Show $\lim_{|a|\to\infty}\int_a^{a+\epsilon} f(u(x)) d x = 0$ I have the following problem: let $u\in L^\infty(\mathbb R) \cap L^1(\mathbb R)$ and $f\in C^\infty(\mathbb R)$ with $f(0)=0$. Show that:
$$ \lim_{|a|\to\infty}\int_a^{a+\epsilon} f(u(x)) d x = 0 \qquad\text{for all }\epsilon>0$$
Now although $u\in L^1(\mathbb R)$ does not imply $u(x)\to 0$ as $|x|\to\infty$, it does imply that the average of $u$ goes to to zero in the sense that
$$ \lim_{|a|\to\infty}\int_a^{a+\epsilon} |u(x)|dx =0 \qquad\text{for all }\epsilon>0$$
So an estimate of the form
$$ \int_a^{a+\epsilon} f(u(x)) d x \approx f\Big(\int_a^{a+\epsilon} u(x) d x\Big) $$
is needed, which seems reasonable but I can't find a rigorous proof.
 A: I found a counter-example for the original question ($u$ only in $L^1$ but not necessarily bounded): consider $f(x)=x^2$ and $u$ such that on each strip $[n,n+1]$ it has the form
$$ u(x) = \begin{cases} n:& x\in[n,n+\frac{1}{n^3}] \\ 0:& x\in (n+\frac{1}{n^3}, n+1)\end{cases} $$
Then $u\in L^1(\mathbb R)$ since $\int |u(x)| dx = \sum_{n=1}^\infty \frac{1}{n^2} < \infty$, but $\int f(u(x)) dx = \sum_{n=1}^\infty \frac{1}{n}$ diverges. 
On the other hand, if $u\in L^1(\mathbb R)$ is bounded then also $u\in L^p(\mathbb R)$ for all $p$, hence then this counter example won't work.
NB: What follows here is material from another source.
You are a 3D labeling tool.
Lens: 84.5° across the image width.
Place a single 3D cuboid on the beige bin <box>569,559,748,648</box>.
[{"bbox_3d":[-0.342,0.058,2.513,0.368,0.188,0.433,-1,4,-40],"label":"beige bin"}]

Therefore I edited my original question since in my application case I can assume that $u$ is bounded.
One strategy that this suggests is maybe applying Taylors theorem: $f(x) = f(0) + f'(0)x+\ldots$ since then we can write the integral as:
$$\int f(u(x)) d x = \int f'(0)u(x) + \frac{1}{2}f''(0)u(x)^2 +\ldots + \mathcal o(u(x)^n) d x$$
And for each coefficient but the remainder, the integral goes to zero.
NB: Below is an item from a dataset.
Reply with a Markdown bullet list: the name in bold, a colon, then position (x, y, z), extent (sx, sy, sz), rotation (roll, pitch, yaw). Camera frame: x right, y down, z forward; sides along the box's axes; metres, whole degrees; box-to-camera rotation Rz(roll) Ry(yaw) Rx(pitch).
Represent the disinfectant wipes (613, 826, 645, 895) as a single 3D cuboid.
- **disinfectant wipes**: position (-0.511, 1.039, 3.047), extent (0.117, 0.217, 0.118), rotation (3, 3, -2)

A: I think I finally found an answer with an idea similar to this thread composition of $L^{p}$ functions that even generalizes the statement:

Claim: Let $g\in L^\infty(\mathbb R)\cap L^1(\mathbb R)$ and $f\in C^1(\mathbb R)$ with $f(0)=0$. Then $$f\circ g \in 
L^\infty(\mathbb R)\cap L^1(\mathbb R)$$

Proof: Since $g\in L^\infty(\mathbb R)$ it assumes, up to a set of measure zero, only values in a compact interval $[a,b]$. Thus, since the image of a compact set under a continuous map is compact, $f$ is also essentially bounded. I.e.
$$ \|f\circ g\|_{\infty} \le \max_{x\in [a,b]} |f(x)| $$
Moreover since $f$ is $C^1$, it is Lipschitz continuous on this interval, hence there is some $C>0$ such that  for all $x\in[a,b]$ holds $|f(x)|\le C |x|$. Therefore:
\begin{align}
  \|f\circ g\|_{1} = \int_{-\infty}^{+\infty} |f(g(x))| d x 
  \le \int_{-\infty}^{+\infty}C|g(x)| dx = C \|g\|_{1}
\end{align}
Which finishes the proof. The statement of the original question follows immmediately.